Mini Facelift
The mini facelift gives an overall lift to the neck and lower third of the face. As one ages, skin loses its elasticity and many people develop loose skin fords creating a heavy, jowly, and tired appearance. Performed under local anesthesia, this minimally invasive outpatient procedure can restore a more youthful appearance, firm and lower facial area, improve jawline definition, and restore the neck-chin angle.
The mini facelift procedures an age-diminishing effect so that patients look younger, rested, and energized. Facial rejuvenation is achieved by repositioning the skin on the lower face to eliminate sagging and droopiness. The mini is safer because it is less invasive than a full facelift and does not require general anesthesia (although general anesthesia is available upon request). This rapid recovery time and lower costs have made it accessible to a wide range of patient who are looking for facial rejuvenation at a reasonable price. Mini facelift patients see rapid, natural-looking results with very little recovery time.
CANDIDATES
Typically between 30 and 65 years old, the best candidates are those in good health with mild to moderate lower facial and/or neck laxity. The mini facelift is ideal for patients who want to stay ahead of the aging process. It is also effective as a follow-up for patients who previously had full facelift, but desire additional rejuvenation of the face and/or neck area. Likewise, it does not preclude undergoing full facelift procedure in the future.
PROCEDURES
There are two basic procedures which can be performed, either individually or combined.
The anterior mini is for patients concerned about their lower face. The procedure is straightforward: an anesthetic solution is injected into the area in front of the ears. This solution will numb the lower face, inhibit bleeding, and gently separate the skin from the underlying tissue.
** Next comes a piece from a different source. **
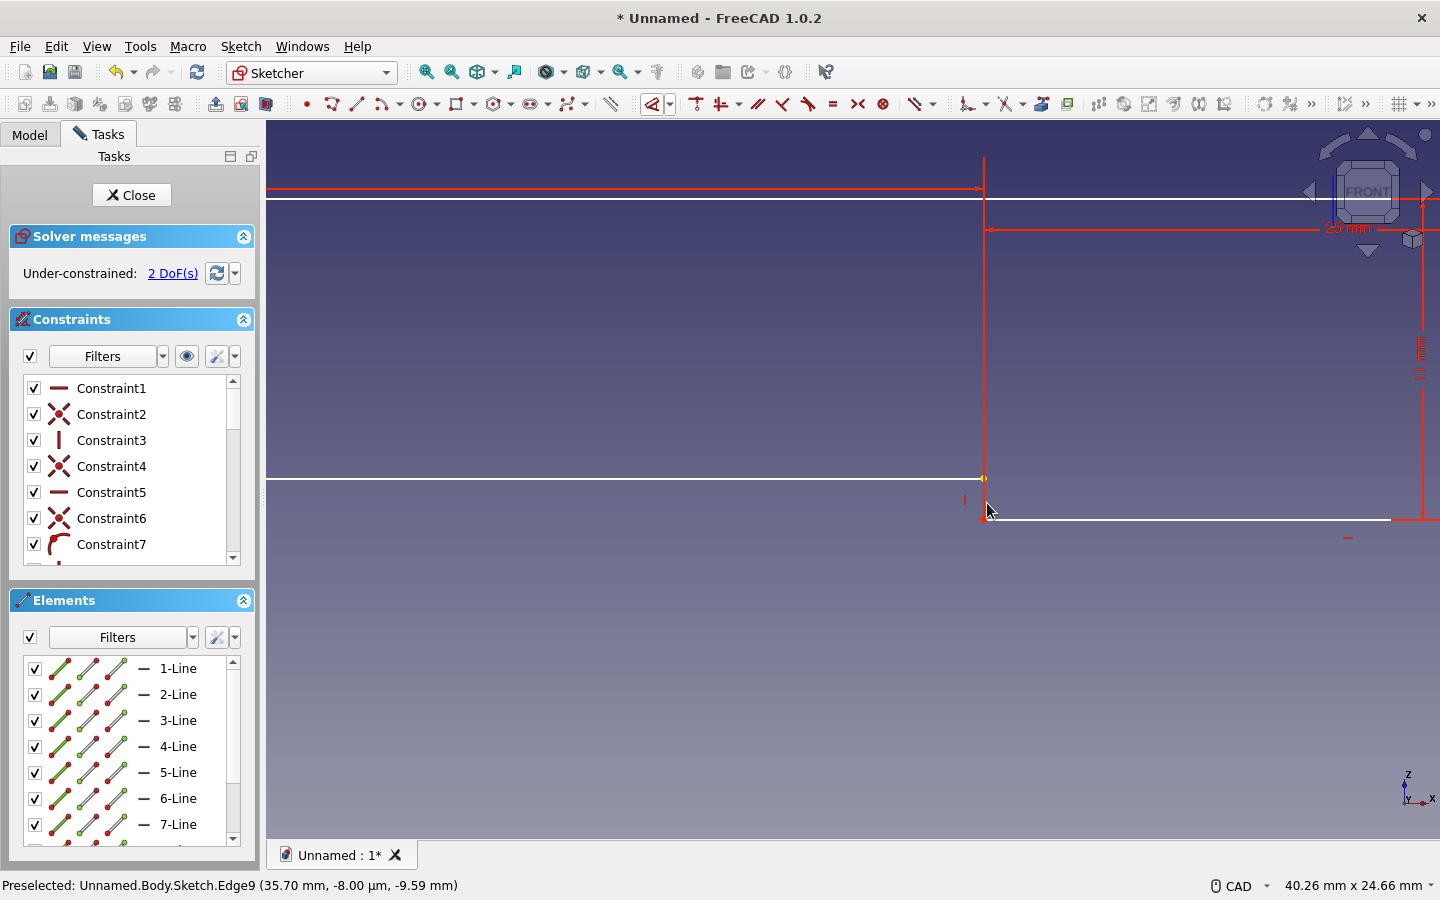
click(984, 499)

Once the area is numb, small incisions are made beginning just in front of the ear and proceed up into the hairline. Incision within the hair require no shaving. The fascial plane is gently pulled to tighten the skin, and is supported with deep sutures. Excess skin is tailored, and incisions are closed with 6 to 8 fine sutures. The procedure takes between 40 minutes to 1 ½ hours. If necessary, some patients take a mild sedative beforehand.
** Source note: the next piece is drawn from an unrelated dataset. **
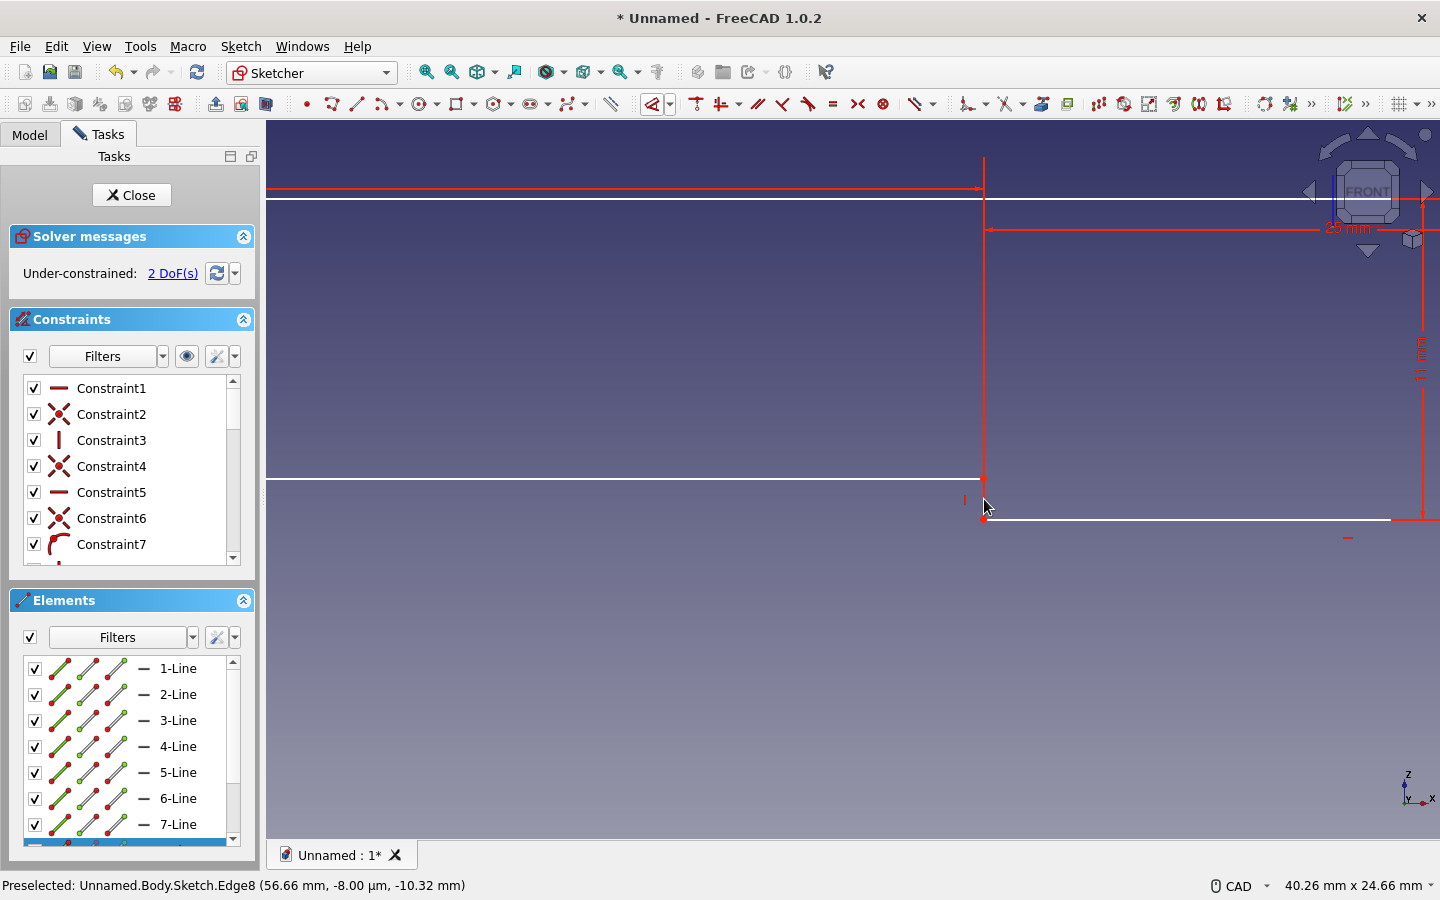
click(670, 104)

A posterior mini facelift, sometimes referred to as a mini neck-lift, is for persons concerned about the neck and jowl area. An anesthetic solution is injected behind the ears. This solution will numb the lower face and neck and inhibit bleeding in the area. Once the are is numb, small incisions are made behind he ear and proceed up into the hairline. The skin is elevated and gently redraped. Two deep sutures are made in the fascial plane and excess skin is tailored. Eight to 10 fine sutures close the incisions.
RECOVERY
The mini facelift is often referred to as the “weekend” because that is the approximate duration for post-operative recovery although it could be longer depending on the individual. Immediately after the procedure, an ace bandage will be wrapped under the chin and around the top of the head. This should be worn for the first 48 hours. It can be removed briefly to bathe and wash your hair. It should also be worn for the ensuing 5 nights. Sleeping with the head elevated will aid the recovery process. Post procedure discomfort may be relieved by the application of cold compresses and pain medication. Some patients may experience temporary bruising which can be camouflage with makeup. Makeup may be applied immediately after the procedure. Sutures are removed after one week, and visible scars become very subtle over time.
DURATION
The duration of the results varies with a patient’s lifestyle, sun exposure, skin type, and heredity. For most patients, however, the benefits from the mini facelift last between 5 to 7 years.
RISKS
Because these procedures are not as invasive as the traditional facelift, there is minimal risk of complications. However, as with any surgical procedure the risks of post-operative bleeding, infection of the wound, scarring, and/or nerve damage should be noted.